In the only comparison between the VAS and SPR in SCS patients [29], the SPR not only showed a significantly higher degree of pain relief (63% vs. 46%), but also showed an increase in treatment success, based on pain relief from 59% to 83%, which was much more in line with treatment success in the same group measured by patient satisfaction (87%). Review of the literature confirms that the majority of studies have a similar discrepancy between satisfaction rate and successful reduction of pain level, measured by the VAS (29).

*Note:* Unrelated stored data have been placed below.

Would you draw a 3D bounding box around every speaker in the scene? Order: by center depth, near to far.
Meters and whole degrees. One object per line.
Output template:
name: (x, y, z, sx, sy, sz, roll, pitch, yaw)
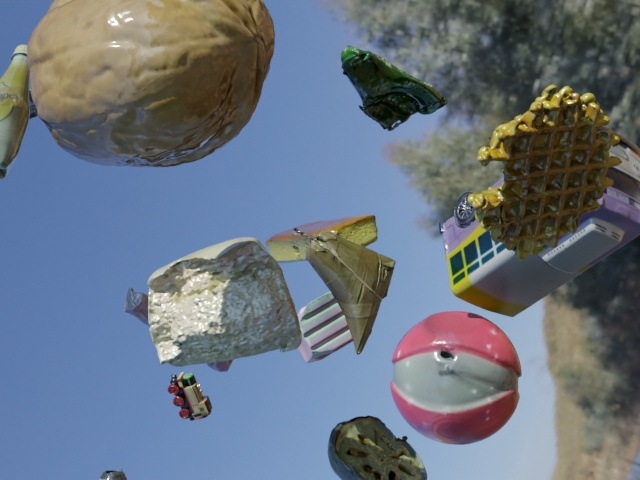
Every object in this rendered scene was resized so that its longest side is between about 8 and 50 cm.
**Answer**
speaker: (0.297, 0.311, 2.331, 0.294, 0.294, 0.294, 18, -90, -72)

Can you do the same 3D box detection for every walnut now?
walnut: (-0.210, -0.223, 1.333, 0.277, 0.313, 0.251, -7, -93, -60)

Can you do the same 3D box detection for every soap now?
soap: (0.011, 0.153, 1.903, 0.149, 0.100, 0.056, -28, -8, -37)

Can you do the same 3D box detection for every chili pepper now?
chili pepper: (0.103, -0.227, 1.547, 0.216, 0.108, 0.062, 28, -134, -51)

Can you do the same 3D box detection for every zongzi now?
zongzi: (0.020, 0.083, 1.802, 0.178, 0.189, 0.081, -69, 14, -9)

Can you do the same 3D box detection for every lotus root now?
lotus root: (0.094, 0.419, 1.961, 0.204, 0.183, 0.078, 1, -47, -44)

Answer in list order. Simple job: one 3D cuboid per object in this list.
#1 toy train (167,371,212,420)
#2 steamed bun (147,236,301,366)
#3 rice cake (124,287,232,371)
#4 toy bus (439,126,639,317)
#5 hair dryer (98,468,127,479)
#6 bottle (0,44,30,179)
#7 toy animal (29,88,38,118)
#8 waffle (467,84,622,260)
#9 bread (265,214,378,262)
toy train: (-0.343, 0.407, 2.766, 0.050, 0.087, 0.137, -66, -44, -69)
steamed bun: (-0.162, 0.093, 1.647, 0.200, 0.226, 0.170, -109, 1, -47)
rice cake: (-0.263, 0.170, 1.972, 0.270, 0.049, 0.055, 42, -112, -37)
toy bus: (0.476, -0.036, 2.240, 0.440, 0.209, 0.249, -40, 40, 39)
hair dryer: (-0.480, 0.611, 2.186, 0.225, 0.088, 0.218, -21, -77, -38)
bottle: (-0.514, -0.217, 1.721, 0.083, 0.083, 0.269, 83, -172, -52)
toy animal: (-0.618, -0.215, 2.033, 0.073, 0.176, 0.216, -65, -9, -69)
waffle: (0.307, -0.093, 1.442, 0.231, 0.051, 0.228, -45, -54, 1)
bread: (0.000, 0.000, 2.375, 0.138, 0.361, 0.077, -20, -85, -21)
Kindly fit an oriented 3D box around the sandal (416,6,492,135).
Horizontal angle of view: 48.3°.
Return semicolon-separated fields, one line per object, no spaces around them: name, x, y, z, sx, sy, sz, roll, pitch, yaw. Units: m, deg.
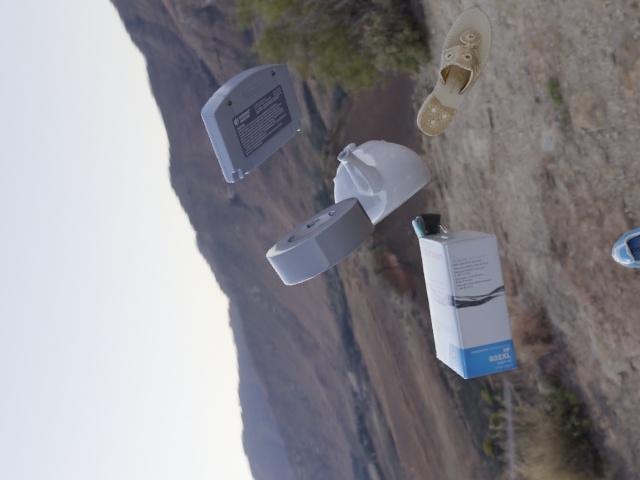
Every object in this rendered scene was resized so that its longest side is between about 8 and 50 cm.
sandal;0.249;-0.295;1.269;0.079;0.088;0.240;-104;37;-74

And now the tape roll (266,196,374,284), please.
tape roll;0.000;0.000;1.453;0.072;0.219;0.219;56;179;-10

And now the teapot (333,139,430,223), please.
teapot;0.123;-0.150;1.687;0.187;0.253;0.256;52;148;4

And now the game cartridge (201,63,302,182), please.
game cartridge;-0.154;-0.288;1.648;0.294;0.060;0.196;-47;-47;-43

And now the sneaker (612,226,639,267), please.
sneaker;0.700;-0.008;1.414;0.086;0.237;0.085;-25;-89;-85

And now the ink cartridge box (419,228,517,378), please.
ink cartridge box;0.336;0.137;1.659;0.223;0.129;0.307;-149;49;-82

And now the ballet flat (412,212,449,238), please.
ballet flat;0.347;0.051;2.018;0.095;0.096;0.280;177;75;-84
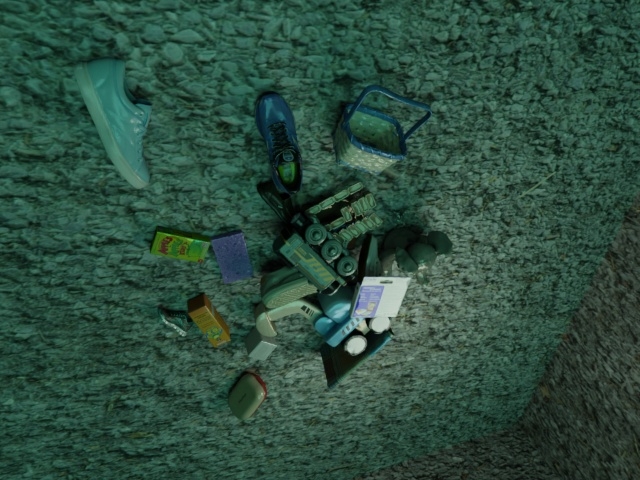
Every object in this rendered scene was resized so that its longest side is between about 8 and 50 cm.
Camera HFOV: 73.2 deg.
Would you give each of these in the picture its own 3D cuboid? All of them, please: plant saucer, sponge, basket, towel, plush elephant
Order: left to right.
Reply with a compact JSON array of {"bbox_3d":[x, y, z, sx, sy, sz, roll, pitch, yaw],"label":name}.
[{"bbox_3d":[-0.326,0.062,1.602,0.117,0.031,0.210,-16,127,-12],"label":"sponge"},{"bbox_3d":[0.039,-0.049,1.674,0.278,0.041,0.278,-11,127,-15],"label":"plant saucer"},{"bbox_3d":[0.152,0.463,1.937,0.370,0.271,0.040,-42,113,10],"label":"towel"},{"bbox_3d":[0.178,-0.359,1.391,0.254,0.201,0.289,11,149,-30],"label":"basket"},{"bbox_3d":[0.382,0.066,1.759,0.272,0.255,0.330,-19,128,-10],"label":"plush elephant"}]

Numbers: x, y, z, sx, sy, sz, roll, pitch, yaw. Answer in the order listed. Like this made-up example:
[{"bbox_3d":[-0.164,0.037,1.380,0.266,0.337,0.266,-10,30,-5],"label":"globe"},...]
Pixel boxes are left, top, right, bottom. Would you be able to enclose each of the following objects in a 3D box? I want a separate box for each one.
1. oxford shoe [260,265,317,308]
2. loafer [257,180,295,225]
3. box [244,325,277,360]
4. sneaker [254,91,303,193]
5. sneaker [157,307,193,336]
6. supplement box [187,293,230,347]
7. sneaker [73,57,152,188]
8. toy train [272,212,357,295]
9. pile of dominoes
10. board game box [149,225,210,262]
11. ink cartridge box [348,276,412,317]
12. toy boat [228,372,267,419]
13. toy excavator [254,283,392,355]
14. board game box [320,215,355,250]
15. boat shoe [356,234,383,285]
[{"bbox_3d":[-0.044,0.136,1.711,0.449,0.130,0.169,-16,148,-30],"label":"oxford shoe"},{"bbox_3d":[-0.130,-0.125,1.522,0.078,0.080,0.220,-38,129,6],"label":"loafer"},{"bbox_3d":[-0.258,0.439,1.849,0.087,0.101,0.102,29,108,-35],"label":"box"},{"bbox_3d":[-0.112,-0.297,1.355,0.130,0.147,0.330,-20,116,-10],"label":"sneaker"},{"bbox_3d":[-0.557,0.299,1.663,0.076,0.065,0.166,-44,133,-10],"label":"sneaker"},{"bbox_3d":[-0.439,0.320,1.707,0.078,0.080,0.233,-25,131,-2],"label":"supplement box"},{"bbox_3d":[-0.525,-0.314,1.190,0.150,0.135,0.366,-17,129,-7],"label":"sneaker"},{"bbox_3d":[-0.015,0.055,1.541,0.190,0.142,0.334,-43,116,4],"label":"toy train"},{"bbox_3d":[0.089,-0.093,1.607,0.251,0.040,0.196,-28,115,1],"label":"pile of dominoes"},{"bbox_3d":[-0.486,0.016,1.494,0.181,0.043,0.092,13,117,-30],"label":"board game box"},{"bbox_3d":[0.229,0.210,1.674,0.206,0.045,0.208,2,123,-19],"label":"ink cartridge box"},{"bbox_3d":[-0.323,0.723,2.018,0.231,0.151,0.151,-54,155,17],"label":"toy boat"},{"bbox_3d":[0.005,0.302,1.825,0.433,0.222,0.445,-45,115,9],"label":"toy excavator"},{"bbox_3d":[0.000,0.000,1.649,0.281,0.027,0.145,-12,128,-14],"label":"board game box"},{"bbox_3d":[0.209,0.116,1.757,0.096,0.098,0.277,10,83,-13],"label":"boat shoe"}]
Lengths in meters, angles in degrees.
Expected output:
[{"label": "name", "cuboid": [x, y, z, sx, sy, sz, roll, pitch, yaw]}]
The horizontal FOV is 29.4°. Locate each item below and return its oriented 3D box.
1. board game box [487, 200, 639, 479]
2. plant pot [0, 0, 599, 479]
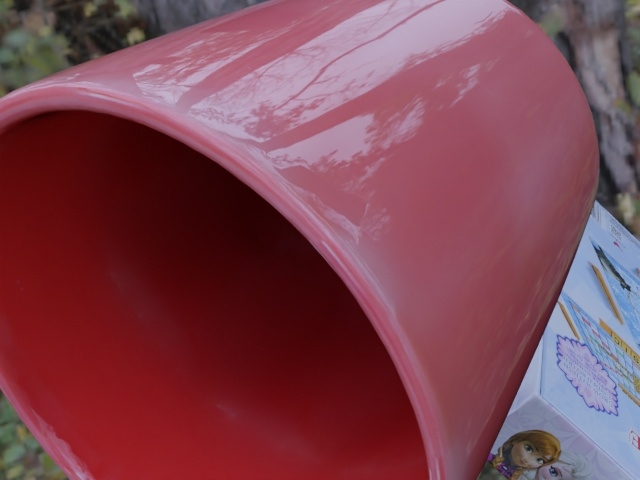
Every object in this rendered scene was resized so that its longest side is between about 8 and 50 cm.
[{"label": "board game box", "cuboid": [0.252, 0.129, 0.909, 0.066, 0.319, 0.318, -41, 15, 30]}, {"label": "plant pot", "cuboid": [0.000, 0.000, 0.598, 0.275, 0.275, 0.243, 3, 33, 36]}]
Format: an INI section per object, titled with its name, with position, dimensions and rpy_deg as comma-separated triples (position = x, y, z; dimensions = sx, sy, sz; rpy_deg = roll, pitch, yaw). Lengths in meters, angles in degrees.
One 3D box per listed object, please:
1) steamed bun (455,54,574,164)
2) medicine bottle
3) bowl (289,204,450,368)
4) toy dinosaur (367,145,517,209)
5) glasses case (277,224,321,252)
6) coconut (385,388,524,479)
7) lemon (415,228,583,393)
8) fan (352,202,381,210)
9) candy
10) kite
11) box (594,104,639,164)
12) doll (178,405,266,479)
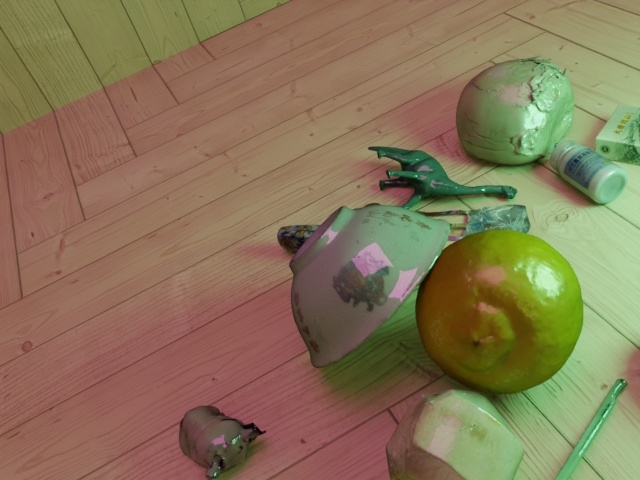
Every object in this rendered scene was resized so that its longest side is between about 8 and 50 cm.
[steamed bun]
position = 0.546, -0.390, 1.834
dimensions = 0.312, 0.233, 0.334
rpy_deg = 15, 50, 32
[medicine bottle]
position = 0.689, -0.181, 1.649
dimensions = 0.103, 0.102, 0.186
rpy_deg = -27, 42, -7
[bowl]
position = 0.059, 0.053, 1.401
dimensions = 0.435, 0.196, 0.435
rpy_deg = -48, 6, 6
[toy dinosaur]
position = 0.340, -0.203, 1.835
dimensions = 0.331, 0.129, 0.383
rpy_deg = -10, 40, -5
[glasses case]
position = 0.000, 0.000, 1.740
dimensions = 0.248, 0.087, 0.065
rpy_deg = 3, 50, 25
[coconut]
position = 0.239, 0.375, 1.146
dimensions = 0.241, 0.241, 0.241
rpy_deg = -11, 42, 10
[lemon]
position = 0.355, 0.135, 1.274
dimensions = 0.348, 0.348, 0.348
rpy_deg = -11, 42, 10
[fan]
position = 0.081, -0.036, 1.805
dimensions = 0.227, 0.008, 0.152
rpy_deg = -18, 42, 2
[candy]
position = 0.448, 0.397, 1.142
dimensions = 0.119, 0.119, 0.440
rpy_deg = 21, 48, 37
[kite]
position = 0.395, -0.047, 1.690
dimensions = 0.310, 0.015, 0.169
rpy_deg = 7, 48, 24
[box]
position = 0.888, -0.270, 1.690
dimensions = 0.257, 0.069, 0.164
rpy_deg = 20, 55, 36
[doll]
position = -0.225, 0.422, 1.370
dimensions = 0.192, 0.095, 0.149
rpy_deg = 21, 53, 40
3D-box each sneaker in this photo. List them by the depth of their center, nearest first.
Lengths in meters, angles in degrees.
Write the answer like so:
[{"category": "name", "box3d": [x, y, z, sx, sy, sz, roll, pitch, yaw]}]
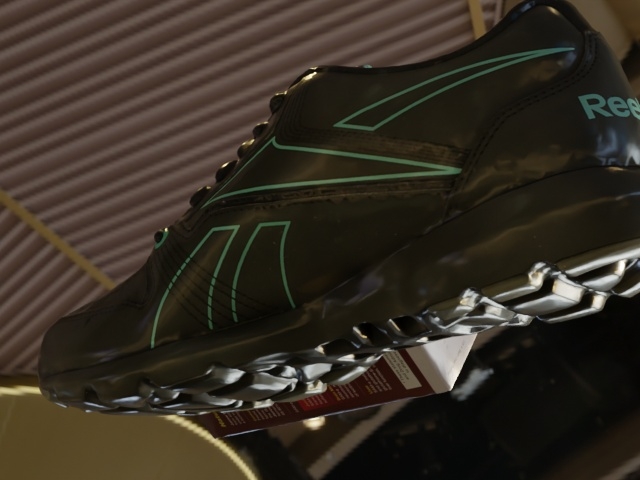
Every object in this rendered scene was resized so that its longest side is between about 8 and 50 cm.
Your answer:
[{"category": "sneaker", "box3d": [0.000, 0.000, 0.423, 0.267, 0.106, 0.101, -20, -19, 25]}]

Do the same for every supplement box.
[{"category": "supplement box", "box3d": [-0.019, 0.064, 0.828, 0.239, 0.073, 0.130, -18, -65, 37]}]
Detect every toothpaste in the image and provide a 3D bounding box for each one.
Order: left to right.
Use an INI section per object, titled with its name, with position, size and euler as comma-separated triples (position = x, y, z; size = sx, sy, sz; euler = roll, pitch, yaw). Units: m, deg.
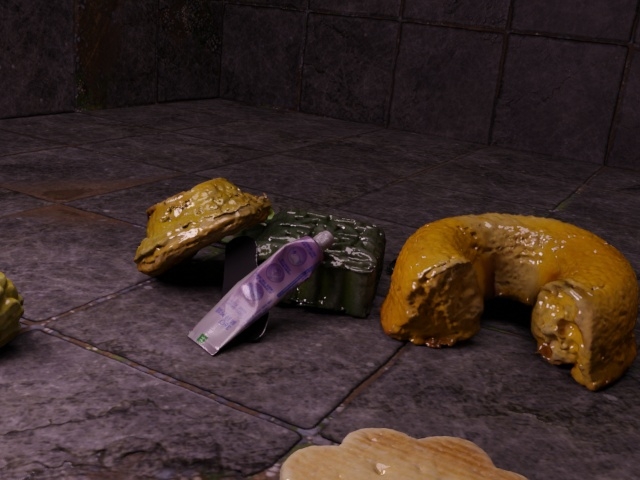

One more important issue for future consideration is the arbitrarily selected “50% pain reduction” as an indication of successful treatment. As eloquently stated by Seres [30], “by choosing such a low level for acceptable outcome, are we treating more our patients’ needs or our requirements for something upon which to justify what we do?”
5. CONCLUSION
In our opinion, the comparative use of VAS scores to measure the success of a spinal cord stimulation trial, or permanent implant, should be replaced with the SPR measurement of direct patient report of percentage of pain relief.
ACKNOWLEDGEMENTS
The authors want to express their gratitude to Stephanie Washburn, Eric Skoloff and Roni Diaz for their invaluable assistance in performing and publishing this study.